Creativity is a fascinating thing, no? Where do ideas come from? And how do they get here? (that little, flawed, intersubjective realm we call the “waking world”, I mean) Personally, I think this a far more interesting question than the one that has sidetracked western thought since about 400 BC: who had the first idea? You know–this week on A&E’s Platonic Investigations: the “Unmoved Mover” revealed!! (does anyone know if any bright transportation company has snatched up this Aristotelian monicker? “We’ll get you there America. Nothin’ gets to us!”)

Grant Morrison’s “Crawling From The Wreckage” is a stunning assault upon the ontological project (which is viewed as a “man made crisis founded upon human logical processes”)–stunning because it lays waste to western metaphysics without succumbing to the kind of cynicism/goofing around that you have to deal with in similarly-motivated twentieth-century philosophers like Heidegger or Derrida. This is why I think of Morrison as a descendant of Emerson: he channels all of his willpower into upholding the premise that there is something instead of nothing, while admitting that there’s no way we’re ever gonna get a clear fix on what that something is. It’s just the “Not Me”, and that’s enough. That’s my problem with Nietzsche (and “empowerment theorists” in general)–he thought Emerson was talking about the “Me”, when, in actuality, he was talking about everything but.


Okay, getting back to creativity. It’s a disease man! And narrative creation is by far the severest strain… The “villain” in “Crawling From the Wreckage” is a fictional construct, called Orqwith, which threatens to engulf the world. Morrison tells us:

Walk a hundred miles, a thousand miles, in any direction, and you will still be in Orqwith. The city has spread like ripples in a pond from one central point–the Quadrivium–which is itself the terrestrial image of the God at the Crossroads. And in the center of the Quadrivium stands the Ossuary, the great Cathedral of Orqwith(DP #22, 1).

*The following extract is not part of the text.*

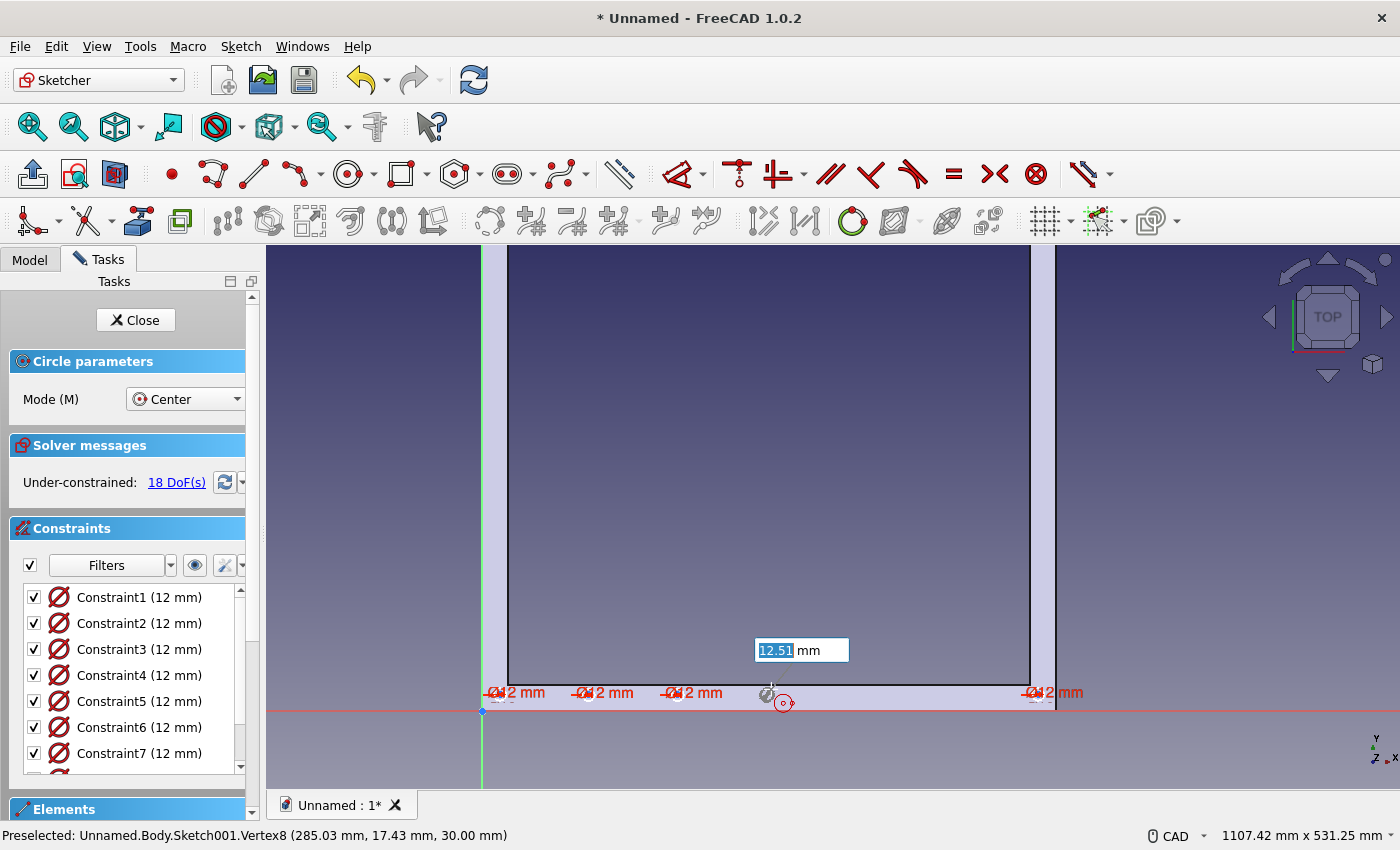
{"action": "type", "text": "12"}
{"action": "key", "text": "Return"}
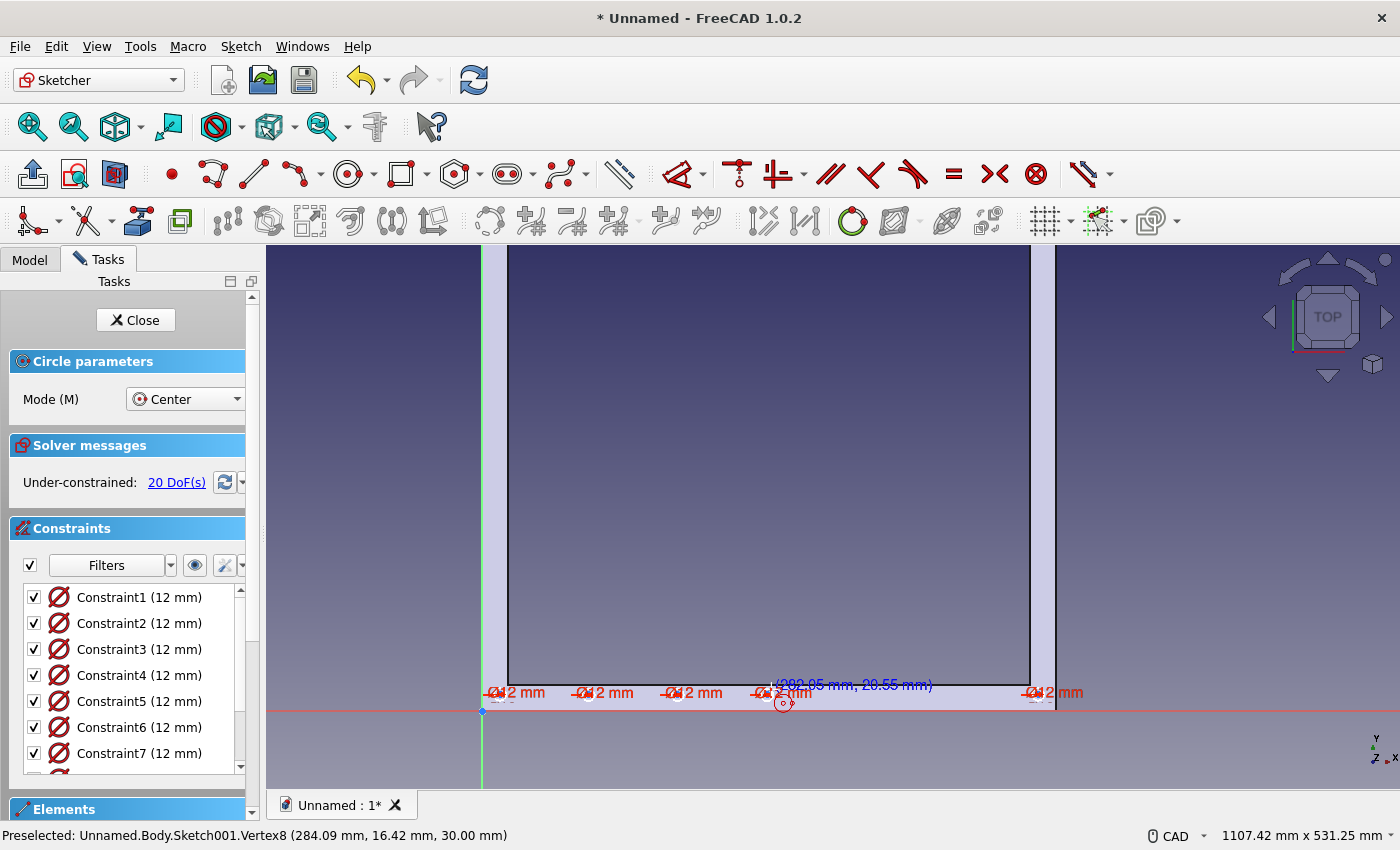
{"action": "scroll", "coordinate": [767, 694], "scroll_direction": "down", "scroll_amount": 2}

The “cathedral of bone” is human memory. All storytelling is an attempt to assemble the fossilized remains of past experiences into a thing that makes sense to the narrator. And so we’re back to the problem of making something out of nothing… Echoes out of the void? Rose is surely right to argue that we tell stories (even if it’s only to ourselves) in order to prove that “the Me” exists; however, that same process poses a constant threat to the “Not Me”, and it’s important to remain aware of this fact. The point at which we find ourselves saying, “ah ha! So that’s why that happened”, is ground zero…and every nod of the head sends another shock wave through the world. The perfect work of art qua work of art would account for everything, stop time, and devour our communal reality. That’s what Orqwith threatens to do. A little later on in the Doom Patrol series, we’ll get to “The Painting That Ate Paris”, an even more successful product of the visionary impulse.



Gotta go! But I’m not done with this series, despite the sad fact that I’m missing far too many issues to perform the kind of analysis that I would like to…Ah well, someday!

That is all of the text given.